=== EXTRACTED ENTRIES ===

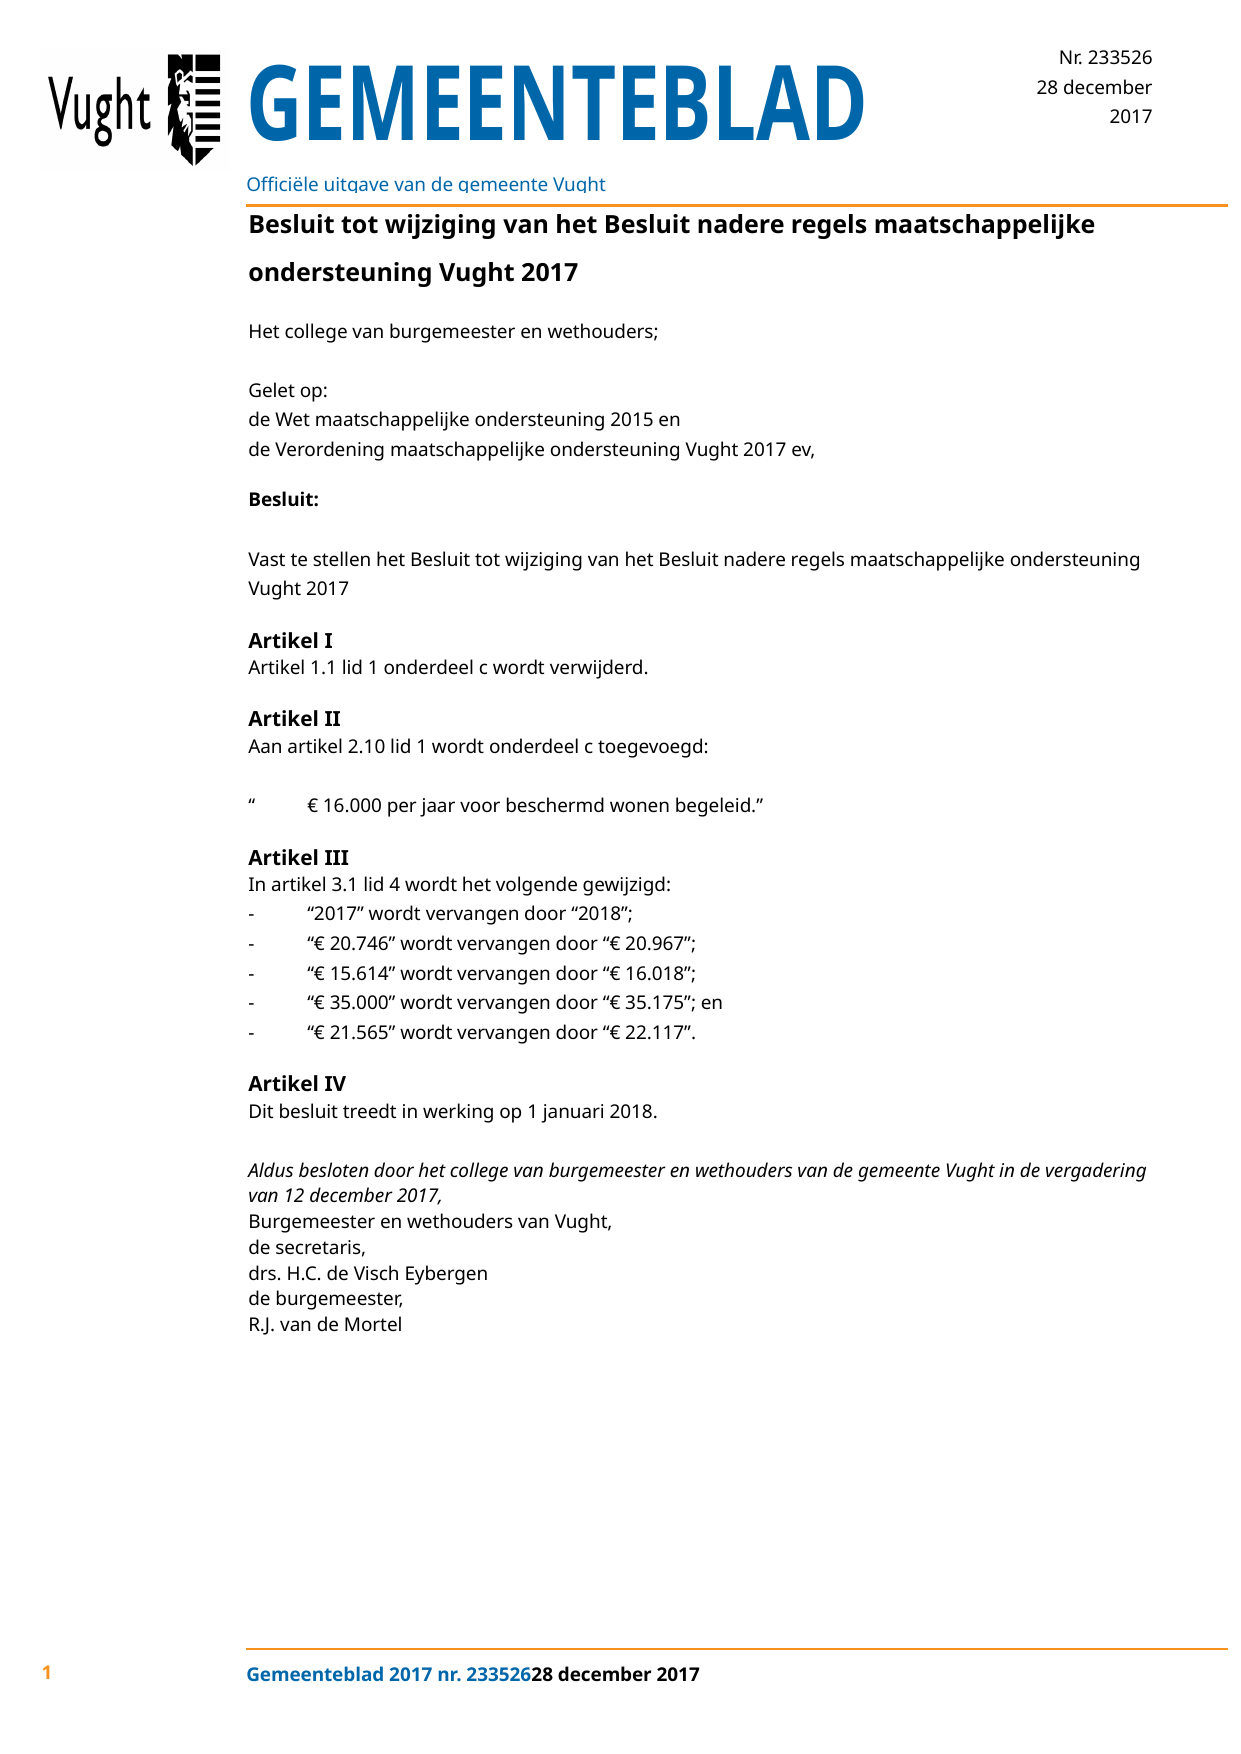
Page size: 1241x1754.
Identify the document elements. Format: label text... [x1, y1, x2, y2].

text Artikel IV [248, 1069, 1152, 1098]
list “€ 15.614” wordt vervangen door “€ 16.018”; [248, 960, 1152, 986]
list € 16.000 per jaar voor beschermd wonen begeleid.” [248, 792, 1152, 818]
text Burgemeester en wethouders van Vught, [248, 1208, 1152, 1234]
text Gelet op: [248, 377, 1152, 403]
text R.J. van de Mortel [248, 1311, 1152, 1337]
text Artikel II [248, 704, 1152, 733]
text Besluit: [248, 487, 1152, 512]
text de burgemeester, [248, 1286, 1152, 1311]
text Het college van burgemeester en wethouders; [248, 318, 1152, 344]
text de secretaris, [248, 1234, 1152, 1260]
text Artikel I [248, 626, 1152, 654]
text Besluit tot wijziging van het Besluit nadere regels maatschappelijke ondersteuning Vught 2017 [248, 207, 1152, 288]
text Vast te stellen het Besluit tot wijziging van het Besluit nadere regels maatschappelijke ondersteuning Vught 2017 [248, 546, 1152, 601]
text drs. H.C. de Visch Eybergen [248, 1260, 1152, 1286]
list “€ 21.565” wordt vervangen door “€ 22.117”. [248, 1019, 1152, 1045]
text Aldus besloten door het college van burgemeester en wethouders van de gemeente Vught in de vergadering van 12 december 2017, [248, 1157, 1152, 1208]
text Artikel III [248, 843, 1152, 871]
text In artikel 3.1 lid 4 wordt het volgende gewijzigd: [248, 871, 1152, 897]
text Artikel 1.1 lid 1 onderdeel c wordt verwijderd. [248, 654, 1152, 680]
list “2017” wordt vervangen door “2018”; [248, 901, 1152, 926]
picture [41, 47, 231, 172]
text de Verordening maatschappelijke ondersteuning Vught 2017 ev, [248, 436, 1152, 462]
text de Wet maatschappelijke ondersteuning 2015 en [248, 407, 1152, 432]
list “€ 35.000” wordt vervangen door “€ 35.175”; en [248, 989, 1152, 1015]
text Aan artikel 2.10 lid 1 wordt onderdeel c toegevoegd: [248, 733, 1152, 759]
list “€ 20.746” wordt vervangen door “€ 20.967”; [248, 930, 1152, 956]
text Dit besluit treedt in werking op 1 januari 2018. [248, 1098, 1152, 1123]

===

__WHAT THIS TASK INVOLVES__:
Wherever the word "college" appears in the listing, copy the line that holds it.

__SOLUTION FOR THIS TASK__:
text Het college van burgemeester en wethouders; [248, 318, 1152, 344]
text Aldus besloten door het college van burgemeester en wethouders van de gemeente Vught in de vergadering van 12 december 2017, [248, 1157, 1152, 1208]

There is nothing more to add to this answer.